Parliamentarians and leaders visited Auschwitz-Birkenau as part of the recent EJA conference in Poland.
“It’s been in many ways a life changing visit,” says UK Secretary of State for Education Nadhim Zahawi. “I have read many books. I’ve watched many film reels. I’ve been to Yad Vashem. But until you come here to Auschwitz-Birkenau, you don’t really begin to understand the industrial scale of the murders, the atrocities that took place.”
Regina Suchowolski-Sluszny, a Holocaust survivor and president of FORUM der Joodse Organisaties says that she came to Auscwitz to ‘honor the parents of my husband.”
“They were Belgian Jews and when they arrived here the same day they went to the gas chambers,” Suchowolski-Sluszn says. “Through these people I want to honor all of the million and a half who were killed here. This is a place it has to be known by everyone in the whole world because what happened was so terrible that a lot of people can’t understand that it happened.”
Zahawi said that “in many ways we can fall silent and hear the anguish of those mothers and children and fathers and grandparents as they perished.”
He adds: “It just makes me more determined to go home back to the United Kingdom and double our efforts to bring our children to see it, to experience Auschwitz. WE all have to redouble our efforts to deal with the scourge of anti-Semitism.”
Suchowolski-Sluszn comapred anti-Semitism to “an illness.”
“We all work to make it disappear but we have to start educating the children when they are 5-6 years old,” she says. “Then maybe we can arrive to a point that this will never happen again. Because it can happen tomorrow.”
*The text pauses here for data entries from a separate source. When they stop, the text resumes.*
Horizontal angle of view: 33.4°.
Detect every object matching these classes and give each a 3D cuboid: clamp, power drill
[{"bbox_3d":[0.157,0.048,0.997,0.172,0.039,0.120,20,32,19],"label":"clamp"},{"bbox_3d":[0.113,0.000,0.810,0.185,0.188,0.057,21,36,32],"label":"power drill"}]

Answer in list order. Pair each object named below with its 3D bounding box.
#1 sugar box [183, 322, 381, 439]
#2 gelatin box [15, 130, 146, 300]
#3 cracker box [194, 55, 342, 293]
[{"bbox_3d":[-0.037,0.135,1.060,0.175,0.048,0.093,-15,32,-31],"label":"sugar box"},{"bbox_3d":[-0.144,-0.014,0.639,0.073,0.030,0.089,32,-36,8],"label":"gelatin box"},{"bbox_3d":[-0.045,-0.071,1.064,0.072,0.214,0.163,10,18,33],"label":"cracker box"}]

Zahawi notes that it is “important for him as Secretary of Education” to be there and to ensure that funding for the Holocaust Edcuation Trust continues, and to “make sure that all our universities follow the IHRA anti-Semitism definition, and help university leadership in my country to make all our universities places where Jewish students can feel safe and feel protected and feel supported.”